Toshio Hosokawa was born in Japan in 1955. He studied counterpoint and harmony in Tokyo, then moved to Berlin in 1976, where he studied composition with Isang Yun, piano with Rolf Kuhnert, and analysis with Witold Szalonek at the Hochshule der Künste. He participated in the Darmstadt Summer courses in 1980, and studied with Klaus Huber and Brian Ferneyhough at the Hochshule für Musik in Fribourg-en-Brisgau (1983-1986). During this time, Klaus Huber encouraged Hosokawa to return to Japan in order to explore his own musical traditions in-depth. This fostered a two-faceted approach to music that laid the groundwork for a body of work that drew in equal parts on the masterworks of the Western tradition – Hosokawa cites Bach, Mozart, Beethoven, Schubert among his favorite composers, as well as Nono, Lachenmann, and of course, Huber – and the Japanese classical tradition, particularly gagaku, the ancient court music of Japan.
Hosokawa has been a guest composer, a composer-in-residence, and a lecturer at Europe’s major contemporary music festivals, including the Festival d’Automne in Paris, the Lucerne Festival, the Centre Acanthes de Villeneuve-lez-Avignon, the Venice Biennale, Musica Viva, and Helsinki’s Musica Nova. He works closely with the WDR Rundfunkchor Köln (the Cologne radio choir), and was a composer in residence with the Deutsches Symphonie Orchester for the 2006-2007 season. In 1989, he founded a contemporary music festival in Akiyoshidai (southern Japan) which he directed until 1998.

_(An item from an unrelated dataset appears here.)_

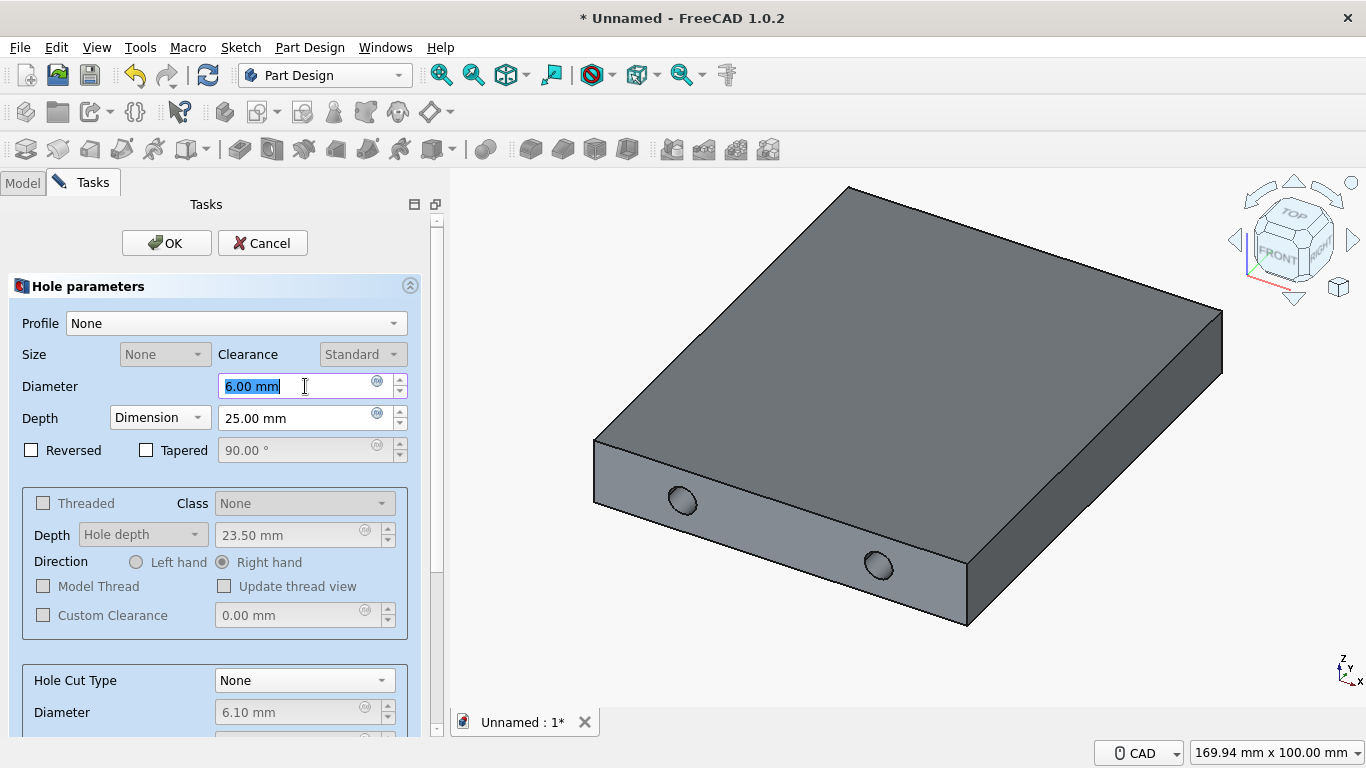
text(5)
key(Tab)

His catalogue includes orchestral works, concertos, chamber music, music for traditional Japanese instruments, film scores, and operas. He prioritizes slowness in his writing, which is characterized by a loose, meditative feeling whose spiritual dimension is never far off. Often, he composes in vast cycles, (“Sen,” “Ferne Landschaft,” “Landscape,” “Voyage,” and “Ocean”). Themes of inner voyage and the ties between nature and the individual are another common theme in his Concerto for cello and orchestra (1997), Concerto for saxophone and orchestra (1998) Concerto for piano and orchestra (1999), and Concerto for clarinet (2000).
Other compositions include concertos: Chant for cello and orchestra, which premiered in Cologne in 2009 in a performance by Rohan de Saram WDR Symphony Orchestra; Voyage X for shakuhachi and ensemble, which premiered in a performance by MusikFabrik in June 2009; and Concerto for horn – Moment of Blossoming (2011). His works for voice include Sternlose Nacht – Requiem für Jahreszeiten (2010), The Raven, a monodrama that premiered in a performance by Ars Musica in 2012, as well as the opera Matsukaze, which premiered at La Monnaie in Brussels in 2011. His orchestral works include Woven Dreams (2010), Meditation – to the Victims of Tsunami 3.11 (2012), and many solo pieces, including Small Chant for cello, Mai – Uralte japanische Tanzmusik for piano, Lied for recorder (2012), and Étude I –VI, for piano (2013). His opera Stilles Meer premiered in 2016, conducted by Kent Nagano, at the Hamburg Staatoper.
Hosokawa was a composer in residence with the Tokyo Symphony Orchestra from 1998 to 2007, and has served as musical director of the Takefu International Music Festival and has been a member of the Berlin Arts Academy since 2001. He was also appointed guest professor at the Tokyo College of Music in 2004 and was a guest researcher at the Berlin Institute for Advanced study from 2006 to 2009. He has taught at the Darmstadt Summer Courses since 1990. He served as the artistic director of the Suntory Hall International Program for Music Composition from 2012 to 2015.
Toshio Hosokawa has received numerous awards and honors, including first prize in the composition competition that marked the 100th anniversary of the Berliner Philharmonike for Preludio and the Irino Prize for Young Composers in Tokyo, both in 1982. He won the Arion-Musikpreis in Tokyo and the “Young Generation in Europe” Music Prize (Cologne, Paris, Venice) in 1985, and the Kyoto and Otaka Prizes in 1988. He received the Energia Music Award in Hiroshima in 1995, the Rheingau Musikpreis and the Duisburger Musikpreis in 1998, the Musica Viva Festival Prize in 2001, and the Otaka Prize for best orchestral work for Re-turning in Japan in 2001. He was awarded the British Composer Award in 2013 (International Prize Category) for his orchestral work Woven Dreams.